Perder alguém já é difícil o bastante — e é justamente nesse momento que a família precisa lidar com burocracias que ninguém explicou antes. Contas bancárias bloqueadas, imóveis que não podem ser vendidos, prazos correndo. Este guia organiza, em ordem prática, o que fazer nos primeiros 60 dias após o falecimento, e por que esse prazo importa.
Por que 60 dias?
O Código de Processo Civil determina que o inventário seja aberto em até 2 meses contados do falecimento. Perder esse prazo não impede o inventário — ele pode ser feito depois —, mas em muitos estados gera multa sobre o ITCMD, o imposto de transmissão pago na herança. Em Minas Gerais, o atraso na abertura acarreta acréscimos que podem encarecer significativamente o processo. Ou seja: adiar custa dinheiro.

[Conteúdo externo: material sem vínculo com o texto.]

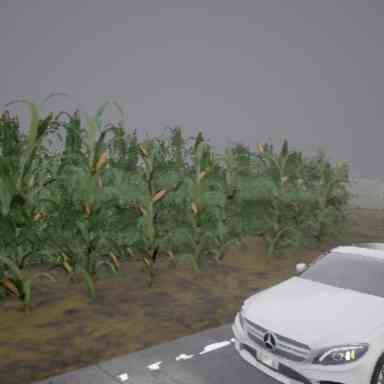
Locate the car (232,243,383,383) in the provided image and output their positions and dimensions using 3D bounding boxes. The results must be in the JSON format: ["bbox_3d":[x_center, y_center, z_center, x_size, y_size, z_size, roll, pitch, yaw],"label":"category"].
[{"bbox_3d":[2.720,1.550,4.936,4.674,1.442,1.812,0,0,-35],"label":"car"}]
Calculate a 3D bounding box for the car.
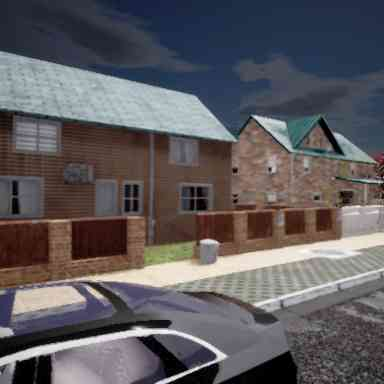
[{"bbox_3d":[-1.383,1.492,2.081,4.902,1.511,2.128,0,0,-35],"label":"car"}]

Primeiras duas semanas: documentos essenciais
Antes de qualquer decisão jurídica, reúna a documentação. É a etapa que mais atrasa inventários na prática:
- Certidão de óbito (algumas vias);
- Documentos pessoais do falecido: RG, CPF, certidão de casamento ou nascimento atualizada;
- Documentos dos herdeiros: RG, CPF, certidões de estado civil e, se casados, pacto antenupcial;
- Bens imóveis: matrículas atualizadas, guias de IPTU, contratos de compra e venda;
- Bens móveis e financeiros: documentos de veículos, extratos bancários, aplicações, participações em empresas;
- Dívidas: financiamentos, empréstimos e contas em aberto — elas também entram no inventário;
- Testamento, se houver: é possível consultar a existência de testamento no registro central de testamentos.
Verifique o que NÃO precisa de inventário
Alguns valores podem ser liberados diretamente aos dependentes ou herdeiros, sem esperar o inventário: saldos de FGTS e PIS/PASEP, seguros de vida (que não integram a herança), e valores de contas bancárias e restituição de imposto de renda em determinadas situações, por alvará judicial simplificado. Identificar essas hipóteses logo no início pode dar fôlego financeiro à família durante o processo.
Cartório ou Justiça? A decisão mais importante
O inventário pode seguir dois caminhos:
- Extrajudicial (em cartório): mais rápido — pode ser concluído em poucas semanas — e geralmente mais barato. Exige que todos os herdeiros sejam maiores, capazes e estejam de acordo com a partilha. Hoje, mesmo casos com testamento podem, em certas condições, ser resolvidos em cartório, desde que cumpridas as exigências legais.
- Judicial: obrigatório quando há herdeiro menor ou incapaz, ou quando há conflito entre os herdeiros sobre a partilha. É mais demorado, mas é o caminho que garante a proteção de todos quando não há consenso.
Em ambos os casos, a presença de advogado é obrigatória por lei — inclusive no cartório.
Entre 30 e 60 dias: abertura do inventário
Com a documentação reunida e o caminho definido, o advogado elabora a petição inicial (no judicial) ou a minuta da escritura (no extrajudicial), calcula o ITCMD e organiza o plano de partilha. Definir desde cedo quem será o inventariante — a pessoa que representará o espólio — evita disputas posteriores e agiliza cada etapa.
Um processo que pode ser mais simples do que parece
Quando a família se organiza cedo e busca orientação nos primeiros dias, a maioria dos inventários corre sem grandes traumas — muitos são resolvidos integralmente em cartório. O que transforma inventário em pesadelo, quase sempre, é a combinação de desinformação, prazos perdidos e acordos informais mal resolvidos.